Energy Band Diagram for Conductor, Insulator, and Semi-Conductor
Comparison of Conducting Materials :
A conductive material containing less than four electrons in its last orbit and has a negligible or zero forbidden band. Consider three distinct elements, each with a different number of orbits. Consider the case of gold. Copper and silver. The configurations of respective shells are listed in the table.
Since there is just one electron in the last orbit, Gold has a lower energy level to detach the electrons from the last orbit than silver or copper because the bondage decreases as the orbit level increases. As a result, gold is a superior conductor to silver. Similarly, because the valence electron occupies the 'O' shell in silver and the 'N' shell in copper, the energy required to remove the electron from the final orbit in silver is less than in copper. The higher the energy level required to remove the electron from the final orbit, the lower the conductivity and the higher the resistivity. Any conducting material is graded on this basis.
Free electrons flow at a random velocity in conducting materials. The temperature affects the magnitude of velocity. Electrons in a conductor acquire a regular velocity when an electric field is applied. The resultant drift current is 0 when there is no electric field.
General Classification of Electrical Engineering Materials :
The materials are divided into three basic categories based on the energy level principle. Conductor, insulator, and semi-conductor are the three types of materials. Some of the conducting materials can also operate as magnets. In the same way, insulators can be employed as dielectric materials. Materials can be categorized into five categories based on their applications. They are:
(a) Conducting material: There are less than four valence electrons in the outermost orbit. The total energy required to detach one electron is directly proportional to the material's resistance. The more the energy required to detach, the higher the resistivity, and vice versa. Conductive materials include silver, copper, aluminum, brass, carbon, and others.
(b) Magnetic material: Some conducting materials can be magnetized or attracted to a magnet. Magnetic materials, such as Iron, Cobalt, Steel, and others, provide a channel for magnetic flux. Many alloys have significant magnetic characteristics, such as Cobalt steel and Cadmium steel. They are used to make magnetic circuits in relays and transformers, among other things, in addition to forming a medium for energy conversion in static and dynamic equipment.

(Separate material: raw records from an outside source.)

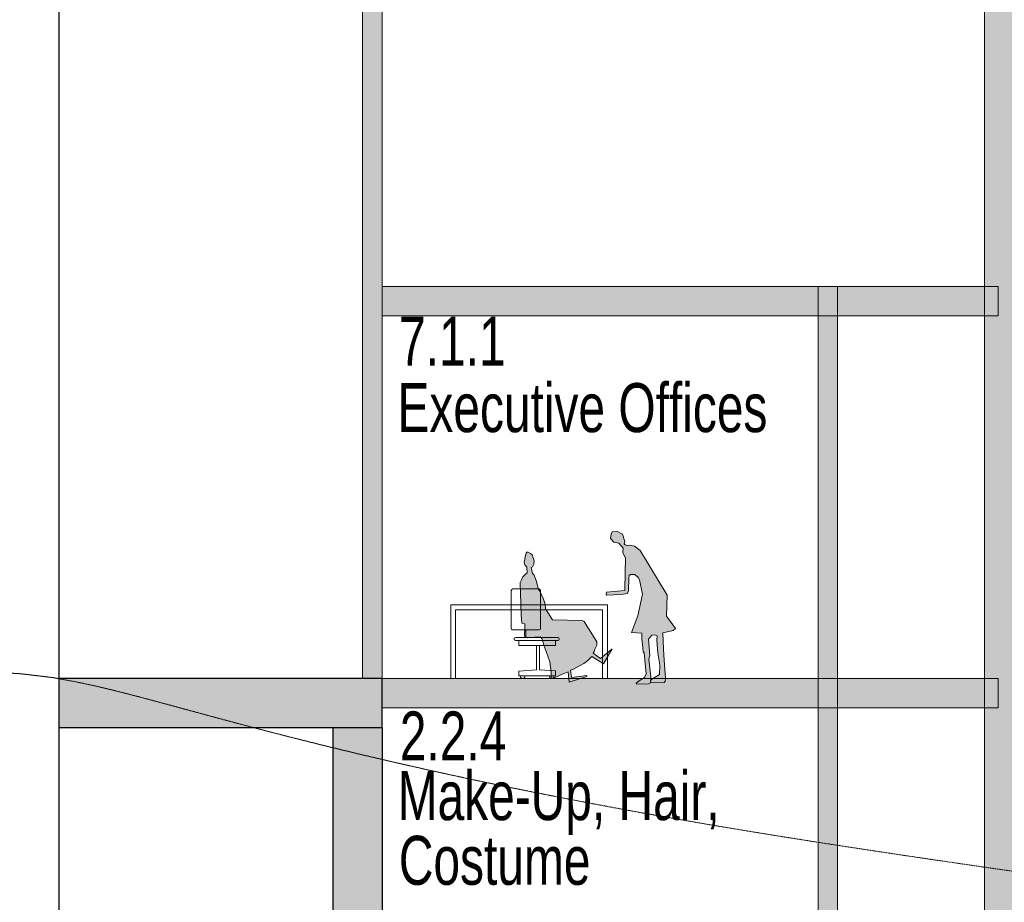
# Model space of a CAD drawing. Header units: millimetres. Extents: x -409347 to -76892, y 286088 to 1850972.
# Tile 83 of 256: x -293908 to -283855, y 559652 to 568662. Entities that reach past the tile are written whole.
import ezdxf

# ---------------------------------------------------------------- set-up
doc = ezdxf.new("R2010")
doc.units = ezdxf.units.MM
doc.linetypes.add('DGN Style 2', pattern=[3.08948, 1.853688, -1.235792])
for name, color, linetype, lineweight in [('A_BU_CONCRETE_S_FILL', 7, 'Continuous', 0), ('A_BU_FURNITURE_E', 58, 'Continuous', 0), ('A_P_ALLG_RWO_X_X', 20, 'Continuous', 30), ('A_P_FASD_TRA_V_X', 54, 'DGN Style 2', 0), ('A_P_WAND_BET_A_X', 25, 'Continuous', 0), ('A_P_WAND_BET_V_X', 131, 'DGN Style 2', 0), ('A_P_WAND_BET_X_X', 251, 'Continuous', 30), ('W_TEXT1', 251, 'Continuous', 13), ('Y_MENSCHEN (VOR GLAS)', 30, 'Continuous', 0), ('Z_RAUMSTEMPEL', 251, 'Continuous', 0)]:
    doc.layers.add(name, color=color, linetype=linetype, lineweight=lineweight)
doc.styles.add('H_200-25', font='arial.ttf', dxfattribs={"width": 0.7, "height": 0.5})
doc.styles.add('HPP200-25', font='arial.ttf', dxfattribs={"width": 0.7, "height": 0.5})

msp = doc.modelspace()

# ---------------------------------------------------------------- hatches: boundary and pattern name
at = {"layer": 'A_BU_CONCRETE_S_FILL'}
for points in [[(-228962, 551638), (-290207, 551638), (-290207, 551938), (-284057, 551938), (-284057, 582338), (-283757, 582338), (-283757, 551938), (-228962, 551938)], [(-290707, 542838), (-290707, 561438), (-293507, 561438), (-293507, 561938), (-290407, 561938), (-290407, 571842), (-290407, 571938), (-284057, 571938), (-284057, 571538), (-290207, 571538), (-290207, 561938), (-290207, 561938), (-290207, 543438), (-232736, 543438), (-232736, 551638), (-232236, 551638), (-232236, 542838)]]:
    msp.add_hatch(color=256, dxfattribs=at).paths.add_polyline_path(points, flags=0)
at = {"layer": 'A_BU_CONCRETE_S_FILL', "extrusion": (0, 0, -1)}
for points in [[(283919, 565638), (283919, 565938), (290207, 565938), (290207, 565638)], [(283919, 561638), (283919, 561938), (290207, 561938), (290207, 561638)]]:
    msp.add_hatch(color=256, dxfattribs=at).paths.add_polyline_path(points, flags=0)
at = {"layer": 'A_BU_CONCRETE_S_FILL', "ltscale": 15}
msp.add_hatch(color=256, dxfattribs=at).paths.add_polyline_path([(-285757, 551638), (-285757, 565938), (-285557, 565938), (-285557, 551638)], flags=0)
at = {"layer": 'A_P_WAND_BET_X_X', "ltscale": 0.01}
msp.add_hatch(color=256, dxfattribs=at).paths.add_polyline_path([(-293507, 561438), (-293507, 561938), (-290207, 561938), (-290207, 561438)], flags=0)
at = {"layer": 'A_P_WAND_BET_X_X', "ltscale": 0.01, "extrusion": (0, 0, -1)}
msp.add_hatch(color=256, dxfattribs=at).paths.add_polyline_path([(290207, 543438), (290207, 561438), (290707, 561438), (290707, 543438)], flags=0)
at = {"layer": 'Y_MENSCHEN (VOR GLAS)', "linetype": 'Continuous', "transparency": 33554661, "extrusion": (0, 0, -1)}
msp.add_hatch(color=256, dxfattribs=at).paths.add_polyline_path([(287214, 562447), (287235, 562428), (287341, 562404), (287336, 562235), (287328, 562124), (287316, 561940), (287317, 561906), (287327, 561897), (287466, 561893), (287465, 561924), (287377, 561979), (287373, 562074), (287394, 562194), (287404, 562327), (287401, 562372), (287422, 562384), (287453, 562379), (287489, 562338), (287475, 562171), (287483, 562135), (287465, 561954), (287466, 561893), (287489, 561883), (287612, 561880), (287615, 561889), (287585, 561913), (287528, 561946), (287511, 561984), (287531, 562200), (287542, 562208), (287546, 562252), (287555, 562341), (287557, 562399), (287660, 562406), (287597, 562578), (287549, 562797), (287579, 562945), (287593, 562969), (287629, 562997), (287654, 562999), (287673, 562999), (287687, 562990), (287688, 562962), (287691, 562834), (287702, 562804), (287770, 562794), (287912, 562787), (287920, 562798), (287917, 562819), (287730, 562834), (287730, 562854), (287724, 563166), (287750, 563222), (287748, 563268), (287792, 563319), (287843, 563328), (287875, 563366), (287868, 563410), (287859, 563435), (287806, 563437), (287755, 563410), (287728, 563337), (287735, 563313), (287727, 563302), (287698, 563290), (287678, 563297), (287631, 563288), (287572, 563243), (287296, 562788), (287305, 562573)], flags=17)
at = {"layer": 'Y_MENSCHEN (VOR GLAS)', "linetype": 'Continuous', "transparency": 33554661}
msp.add_hatch(color=256, dxfattribs=at).paths.add_polyline_path([(-288540, 562647), (-288543, 562695), (-288560, 562748), (-288594, 562821), (-288616, 562857), (-288633, 562928), (-288656, 562991), (-288674, 563008), (-288685, 563071), (-288673, 563077), (-288658, 563103), (-288657, 563139), (-288664, 563170), (-288675, 563198), (-288693, 563214), (-288715, 563228), (-288729, 563225), (-288737, 563215), (-288747, 563179), (-288752, 563156), (-288756, 563126), (-288749, 563096), (-288729, 563072), (-288726, 563016), (-288740, 563007), (-288770, 562974), (-288785, 562945), (-288797, 562916), (-288787, 562588), (-288783, 562503), (-288750, 562494), (-288750, 562444), (-288754, 562394), (-288752, 562357), (-288728, 562353), (-288697, 562355), (-288653, 562358), (-288594, 562361), (-288578, 562346), (-288545, 562250), (-288497, 562108), (-288481, 562006), (-288482, 561938), (-288440, 561947), (-288360, 561986), (-288308, 562006), (-288299, 561900), (-288117, 561958), (-288118, 561969), (-288274, 561946), (-288284, 562021), (-288274, 562027), (-288254, 562033), (-288193, 562067), (-288149, 562091), (-288109, 562121), (-288067, 562162), (-287946, 562087), (-287859, 562241), (-287979, 562142), (-288053, 562194), (-288042, 562214), (-288035, 562235), (-288016, 562278), (-288014, 562310), (-288144, 562518), (-288167, 562528), (-288468, 562537)])

# ---------------------------------------------------------------- linework, layer by layer
at = {"layer": 'A_BU_CONCRETE_S_FILL'}
for p, q in [((-284057, 582338), (-284057, 551938)), ((-290407, 571842), (-290407, 561938)), ((-290207, 561938), (-290207, 571538)), ((-290207, 565938), (-283919, 565938)), ((-290207, 565638), (-290207, 565938)), ((-283919, 565938), (-283919, 565638)), ((-283919, 565638), (-290207, 565638)), ((-290407, 561938), (-293507, 561938)), ((-293507, 561938), (-293507, 561438)), ((-290207, 561938), (-283919, 561938)), ((-290207, 561638), (-290207, 561938)), ((-290207, 543438), (-290207, 561938)), ((-290207, 561938), (-290207, 561938)), ((-283919, 561938), (-283919, 561638)), ((-283919, 561638), (-290207, 561638)), ((-293507, 561438), (-290707, 561438)), ((-290707, 561438), (-290707, 542838))]:
    msp.add_line(p, q, dxfattribs=at)
at = {"layer": 'A_BU_CONCRETE_S_FILL', "ltscale": 15}
for p, q in [((-285757, 565938), (-285757, 551638)), ((-285557, 565938), (-285757, 565938)), ((-285557, 551638), (-285557, 565938))]:
    msp.add_line(p, q, dxfattribs=at)
at = {"layer": 'A_BU_FURNITURE_E'}
for p, q in [((-288889, 562836), (-288889, 562447)), ((-288591, 562836), (-288591, 562447)), ((-288728, 562432), (-288753, 562432)), ((-288740, 562432), (-288740, 562355)), ((-288845, 562355), (-288740, 562355)), ((-288845, 562325), (-288740, 562325)), ((-288812, 562275), (-288812, 562325)), ((-288812, 562275), (-288437, 562275)), ((-288740, 562355), (-288414, 562355)), ((-288740, 562325), (-288414, 562325)), ((-288630, 562275), (-288630, 562026)), ((-288600, 562275), (-288600, 562026)), ((-288437, 562275), (-288437, 562325)), ((-288630, 562026), (-288812, 562013)), ((-288812, 562013), (-288812, 561963)), ((-288812, 561963), (-288437, 561963)), ((-288600, 562026), (-288437, 562015)), ((-288437, 561963), (-288437, 562015))]:
    msp.add_line(p, q, dxfattribs=at)
at = {"layer": 'A_BU_FURNITURE_E', "flags": 128}
for points in [[(-288874, 562851), (-288606, 562851)], [(-287907, 561938), (-287907, 562688), (-289507, 562688), (-289507, 561938)], [(-287957, 561938), (-287957, 562638), (-289457, 562638), (-289457, 561938)], [(-288874, 562432), (-288753, 562432)], [(-288728, 562432), (-288606, 562432)]]:
    msp.add_lwpolyline(points, dxfattribs=at)
at = {"layer": 'A_BU_FURNITURE_E'}
for centre, radius, start, end in [((-288874, 562836), 15, 89.9997, 179.9997), ((-288606, 562836), 15, 359.9997, 89.9997), ((-288874, 562447), 15, 179.9997, 269.9997), ((-288606, 562447), 15, 269.9997, 359.9997), ((-288845, 562340), 15, 89.9997, 269.9997), ((-288414, 562340), 15, 269.9997, 89.9997), ((-288772, 561963), 25, 179.9997, 359.9997), ((-288772, 561963), 25, 179.9997, 359.9997), ((-288477, 561963), 25, 179.9997, 359.9997)]:
    msp.add_arc(centre, radius, start, end, dxfattribs=at)
at = {"layer": 'A_P_ALLG_RWO_X_X', "ltscale": 0.01}
msp.add_line((-293507, 580559), (-293507, 542834), dxfattribs=at)
at = {"layer": 'A_P_FASD_TRA_V_X', "ltscale": 0.01}
msp.add_open_spline([(-230788, 551938), (-232571, 552136), (-236071, 552543), (-261192, 556305), (-274653, 558830), (-288113, 560436), (-292387, 561689), (-293258, 561893), (-293507, 561933)], degree=3, knots=[0, 0, 0, 0, 0.151905, 0.342506, 0.533107, 0.723708, 0.914309, 1, 1, 1, 1], dxfattribs=at)
at = {"layer": 'A_P_WAND_BET_A_X', "ltscale": 0.01}
msp.add_3dface([(-409347, 1850972), (-87526, 1850972), (-87526, 286088), (-409347, 286088)], dxfattribs=at)
at = {"layer": 'A_P_WAND_BET_V_X'}
msp.add_3dface([(-346400, 627362), (-346400, 492362), (-171400, 492362), (-171400, 627362)], dxfattribs=at)
at = {"layer": 'A_P_WAND_BET_X_X', "ltscale": 0.01}
for p, q in [((-290207, 561938), (-293507, 561938)), ((-293507, 561938), (-293507, 561438)), ((-290207, 561438), (-290207, 561938)), ((-293507, 561438), (-290207, 561438)), ((-290707, 543438), (-290707, 561438)), ((-290707, 561438), (-290207, 561438)), ((-290207, 561438), (-290207, 543438))]:
    msp.add_line(p, q, dxfattribs=at)
msp.add_open_spline([(-293507, 561933), (-293811, 561983), (-294580, 562026), (-298741, 562345), (-316213, 563297), (-322705, 564027), (-346400, 567611)], degree=3, knots=[0, 0, 0, 0, 0.167779, 0.472602, 0.777424, 1, 1, 1, 1], dxfattribs=at)
at = {"layer": 'Y_MENSCHEN (VOR GLAS)', "linetype": 'Continuous', "transparency": 33554661}
for p, q in [((-287868, 563410), (-287875, 563366)), ((-287875, 563366), (-287843, 563328)), ((-287859, 563435), (-287868, 563410)), ((-287806, 563437), (-287859, 563435)), ((-287755, 563410), (-287806, 563437)), ((-287728, 563337), (-287755, 563410)), ((-287843, 563328), (-287792, 563319)), ((-287792, 563319), (-287792, 563319)), ((-287792, 563319), (-287748, 563268)), ((-287748, 563268), (-287750, 563222)), ((-287735, 563313), (-287728, 563337)), ((-287727, 563302), (-287735, 563313)), ((-287698, 563290), (-287727, 563302)), ((-287678, 563297), (-287698, 563290)), ((-287631, 563288), (-287678, 563297)), ((-287572, 563243), (-287631, 563288)), ((-288747, 563179), (-288752, 563156)), ((-288737, 563215), (-288747, 563179)), ((-288729, 563225), (-288737, 563215)), ((-288715, 563228), (-288729, 563225)), ((-288693, 563214), (-288715, 563228)), ((-288675, 563198), (-288693, 563214)), ((-288664, 563170), (-288675, 563198)), ((-288657, 563139), (-288664, 563170)), ((-287750, 563222), (-287724, 563166)), ((-287724, 563166), (-287730, 562854)), ((-287296, 562788), (-287572, 563243)), ((-288752, 563156), (-288756, 563126)), ((-288756, 563126), (-288749, 563096)), ((-288749, 563096), (-288729, 563072)), ((-288729, 563072), (-288726, 563016)), ((-288685, 563071), (-288673, 563077)), ((-288674, 563008), (-288685, 563071)), ((-288673, 563077), (-288658, 563103)), ((-288658, 563103), (-288657, 563139)), ((-288770, 562974), (-288785, 562945)), ((-288740, 563007), (-288770, 562974)), ((-288726, 563016), (-288740, 563007)), ((-288656, 562991), (-288674, 563008)), ((-288633, 562928), (-288656, 562991)), ((-287691, 562834), (-287688, 562962)), ((-287688, 562962), (-287687, 562990)), ((-287687, 562990), (-287673, 562999)), ((-287673, 562999), (-287654, 562999)), ((-287654, 562999), (-287629, 562997)), ((-287629, 562997), (-287593, 562969)), ((-287593, 562969), (-287579, 562945)), ((-288785, 562945), (-288797, 562916)), ((-288797, 562916), (-288787, 562588)), ((-288616, 562857), (-288633, 562928)), ((-287579, 562945), (-287549, 562797)), ((-288594, 562821), (-288616, 562857)), ((-288560, 562748), (-288594, 562821)), ((-287917, 562819), (-287920, 562798)), ((-287920, 562798), (-287912, 562787)), ((-287730, 562834), (-287917, 562819)), ((-287912, 562787), (-287770, 562794)), ((-287770, 562794), (-287702, 562804)), ((-287730, 562854), (-287730, 562834)), ((-287702, 562804), (-287691, 562834)), ((-287549, 562797), (-287597, 562578)), ((-287305, 562573), (-287296, 562788)), ((-288543, 562695), (-288560, 562748)), ((-288540, 562647), (-288543, 562695)), ((-288787, 562588), (-288783, 562503)), ((-288468, 562537), (-288540, 562647)), ((-287597, 562578), (-287660, 562406)), ((-287214, 562447), (-287305, 562573)), ((-288783, 562503), (-288750, 562494)), ((-288750, 562494), (-288750, 562444)), ((-288167, 562528), (-288468, 562537)), ((-288144, 562518), (-288167, 562528)), ((-288014, 562310), (-288144, 562518)), ((-288750, 562444), (-288754, 562394)), ((-288754, 562394), (-288752, 562357)), ((-288752, 562357), (-288728, 562353)), ((-288697, 562355), (-288653, 562358)), ((-288653, 562358), (-288594, 562361)), ((-288594, 562361), (-288578, 562346)), ((-287660, 562406), (-287557, 562399)), ((-287557, 562399), (-287555, 562341)), ((-287489, 562338), (-287453, 562379)), ((-287453, 562379), (-287422, 562384)), ((-287422, 562384), (-287401, 562372)), ((-287401, 562372), (-287404, 562327)), ((-287341, 562404), (-287235, 562428)), ((-287336, 562235), (-287341, 562404)), ((-287235, 562428), (-287214, 562447)), ((-288728, 562353), (-288697, 562355)), ((-288578, 562346), (-288545, 562250)), ((-288035, 562235), (-288016, 562278)), ((-288016, 562278), (-288014, 562310)), ((-287555, 562341), (-287546, 562252)), ((-287475, 562171), (-287489, 562338)), ((-287404, 562327), (-287394, 562194)), ((-288545, 562250), (-288497, 562108)), ((-288109, 562121), (-288067, 562162)), ((-288067, 562162), (-287946, 562087)), ((-288053, 562194), (-288042, 562214)), ((-287979, 562142), (-288053, 562194)), ((-288042, 562214), (-288035, 562235)), ((-287859, 562241), (-287979, 562142)), ((-287946, 562087), (-287859, 562241)), ((-287546, 562252), (-287542, 562208)), ((-287542, 562208), (-287531, 562200)), ((-287531, 562200), (-287511, 561984)), ((-287483, 562135), (-287475, 562171)), ((-287394, 562194), (-287373, 562074)), ((-287328, 562124), (-287336, 562235)), ((-288497, 562108), (-288481, 562006)), ((-288254, 562033), (-288193, 562067)), ((-288193, 562067), (-288149, 562091)), ((-288149, 562091), (-288109, 562121)), ((-287465, 561954), (-287483, 562135)), ((-287373, 562074), (-287377, 561979)), ((-287316, 561940), (-287328, 562124)), ((-288481, 562006), (-288482, 561938)), ((-288440, 561947), (-288360, 561986)), ((-288360, 561986), (-288308, 562006)), ((-288308, 562006), (-288299, 561900)), ((-288299, 561900), (-288117, 561958)), ((-288284, 562021), (-288274, 562027)), ((-288274, 561946), (-288284, 562021)), ((-288274, 562027), (-288254, 562033)), ((-288118, 561969), (-288274, 561946)), ((-288117, 561958), (-288118, 561969)), ((-287511, 561984), (-287528, 561946)), ((-287466, 561893), (-287465, 561954)), ((-287377, 561979), (-287465, 561924)), ((-288482, 561938), (-288440, 561947)), ((-287585, 561913), (-287615, 561889)), ((-287615, 561889), (-287612, 561880)), ((-287612, 561880), (-287489, 561883)), ((-287528, 561946), (-287585, 561913)), ((-287489, 561883), (-287466, 561893)), ((-287465, 561924), (-287466, 561893)), ((-287466, 561893), (-287327, 561897)), ((-287327, 561897), (-287317, 561906)), ((-287317, 561906), (-287316, 561940))]:
    msp.add_line(p, q, dxfattribs=at)

# ---------------------------------------------------------------- texts
at = {"layer": 'W_TEXT1', "style": 'HPP200-25', "width": 0.7}
for s, p in [('Executive Offices', (-290051, 564452)), ('Make-Up, Hair,', (-290049, 560491)), ('Costume', (-290037, 559831))]:
    msp.add_text(s, height=500, dxfattribs=at).set_placement(p)
at = {"layer": 'Z_RAUMSTEMPEL', "width": 0.7}
for s, style, p in [('7.1.1', 'HPP200-25', (-290035, 565129)), ('2.2.4', 'H_200-25', (-290027, 561100))]:
    msp.add_text(s, height=500, dxfattribs=dict(at, style=style)).set_placement(p)

doc.saveas('drawing.dxf')

(c) Insulators: These materials have more than four valence electrons in their outermost orbit and have significant resistance to current flow. Solids, liquids, and gases have resistivities ranging from 1012 to 1018 ohm meter. They're utilized in situations when a charged conductor needs to be separated, such as in an electric iron element where nichrome wire is isolated using mica. Some of these substances can also be utilized as dielectrics.
(d) Dielectric material: Dielectric materials are used to store electric energy and are made of insulating materials. They are characterized as insulating materials that can sustain an electric field with minimal power dissipation. Mica, oil, and paper are examples of dielectric materials.

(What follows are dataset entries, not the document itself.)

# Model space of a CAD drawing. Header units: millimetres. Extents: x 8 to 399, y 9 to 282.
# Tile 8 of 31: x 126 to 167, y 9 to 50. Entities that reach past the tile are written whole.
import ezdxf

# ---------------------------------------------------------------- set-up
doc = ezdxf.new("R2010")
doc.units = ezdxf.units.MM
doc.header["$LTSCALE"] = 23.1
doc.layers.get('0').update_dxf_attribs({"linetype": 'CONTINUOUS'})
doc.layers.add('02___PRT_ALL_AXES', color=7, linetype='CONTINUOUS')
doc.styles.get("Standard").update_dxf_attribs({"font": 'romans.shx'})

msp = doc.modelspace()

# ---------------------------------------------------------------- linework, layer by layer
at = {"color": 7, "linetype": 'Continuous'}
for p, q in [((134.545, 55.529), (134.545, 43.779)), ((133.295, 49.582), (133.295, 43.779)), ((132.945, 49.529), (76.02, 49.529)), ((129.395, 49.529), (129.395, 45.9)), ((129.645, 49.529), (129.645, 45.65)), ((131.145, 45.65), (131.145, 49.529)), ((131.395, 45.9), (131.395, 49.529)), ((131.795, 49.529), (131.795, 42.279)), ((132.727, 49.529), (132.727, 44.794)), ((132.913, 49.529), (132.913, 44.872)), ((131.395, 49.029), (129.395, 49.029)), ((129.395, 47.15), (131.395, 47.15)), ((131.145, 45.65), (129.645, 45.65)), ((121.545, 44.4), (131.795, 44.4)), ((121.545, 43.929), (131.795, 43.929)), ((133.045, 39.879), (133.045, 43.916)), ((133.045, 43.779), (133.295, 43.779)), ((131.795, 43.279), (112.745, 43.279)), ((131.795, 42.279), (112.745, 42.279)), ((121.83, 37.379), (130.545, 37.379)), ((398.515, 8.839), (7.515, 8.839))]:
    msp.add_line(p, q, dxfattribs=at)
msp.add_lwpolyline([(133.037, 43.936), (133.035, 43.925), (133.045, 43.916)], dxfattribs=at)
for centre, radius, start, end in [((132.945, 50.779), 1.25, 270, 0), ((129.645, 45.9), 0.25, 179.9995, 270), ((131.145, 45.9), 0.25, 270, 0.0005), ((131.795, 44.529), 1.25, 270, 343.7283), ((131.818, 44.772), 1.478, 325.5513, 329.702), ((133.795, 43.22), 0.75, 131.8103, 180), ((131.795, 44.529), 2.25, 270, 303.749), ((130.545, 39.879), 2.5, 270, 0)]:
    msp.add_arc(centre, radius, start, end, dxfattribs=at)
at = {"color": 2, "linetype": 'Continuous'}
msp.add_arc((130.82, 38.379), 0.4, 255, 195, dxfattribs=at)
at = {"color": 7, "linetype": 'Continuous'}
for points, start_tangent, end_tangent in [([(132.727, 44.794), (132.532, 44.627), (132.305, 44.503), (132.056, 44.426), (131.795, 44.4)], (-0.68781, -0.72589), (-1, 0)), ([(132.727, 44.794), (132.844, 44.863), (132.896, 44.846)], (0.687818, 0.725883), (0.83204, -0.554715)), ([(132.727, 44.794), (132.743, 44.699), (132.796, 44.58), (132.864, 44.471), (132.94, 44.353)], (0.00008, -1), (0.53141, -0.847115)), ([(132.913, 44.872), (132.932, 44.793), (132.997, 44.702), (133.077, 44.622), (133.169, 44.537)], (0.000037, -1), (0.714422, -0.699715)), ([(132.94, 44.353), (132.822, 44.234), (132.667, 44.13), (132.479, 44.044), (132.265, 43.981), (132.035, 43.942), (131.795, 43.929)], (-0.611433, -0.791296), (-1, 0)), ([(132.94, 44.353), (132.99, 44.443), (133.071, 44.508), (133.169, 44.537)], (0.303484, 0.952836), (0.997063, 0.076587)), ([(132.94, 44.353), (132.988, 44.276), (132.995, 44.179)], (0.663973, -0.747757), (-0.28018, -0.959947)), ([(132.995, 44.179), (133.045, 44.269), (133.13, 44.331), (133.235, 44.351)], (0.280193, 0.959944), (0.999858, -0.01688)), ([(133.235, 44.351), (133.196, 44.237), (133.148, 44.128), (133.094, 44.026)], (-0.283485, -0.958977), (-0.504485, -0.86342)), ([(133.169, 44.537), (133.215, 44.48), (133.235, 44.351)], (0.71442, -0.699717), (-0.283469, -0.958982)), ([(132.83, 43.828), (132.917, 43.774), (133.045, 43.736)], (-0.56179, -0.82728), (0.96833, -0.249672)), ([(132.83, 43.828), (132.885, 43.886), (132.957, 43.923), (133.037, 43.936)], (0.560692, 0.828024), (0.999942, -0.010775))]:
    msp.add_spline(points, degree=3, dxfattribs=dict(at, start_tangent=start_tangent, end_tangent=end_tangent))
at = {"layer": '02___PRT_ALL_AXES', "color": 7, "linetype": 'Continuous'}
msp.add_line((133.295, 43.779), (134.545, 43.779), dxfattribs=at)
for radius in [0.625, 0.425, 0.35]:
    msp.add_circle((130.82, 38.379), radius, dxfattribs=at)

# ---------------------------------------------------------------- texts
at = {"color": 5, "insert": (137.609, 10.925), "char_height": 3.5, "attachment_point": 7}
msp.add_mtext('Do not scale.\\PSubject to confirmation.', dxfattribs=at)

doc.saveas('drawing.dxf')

(e) Semi-conducting material: Semiconducting materials are neither conducting nor insulating because they have four valence electrons in the outermost orbit. However, act unusually. It is a crystalline solid with a modest resistivity ranging from 1 to 100 Ω – m. Over a portion of the temperature range, these materials have a negative temperature coefficient. Germanium, Silicon, and other materials that fail this test are employed in electronic circuits as capacitors, rectifiers, and other components.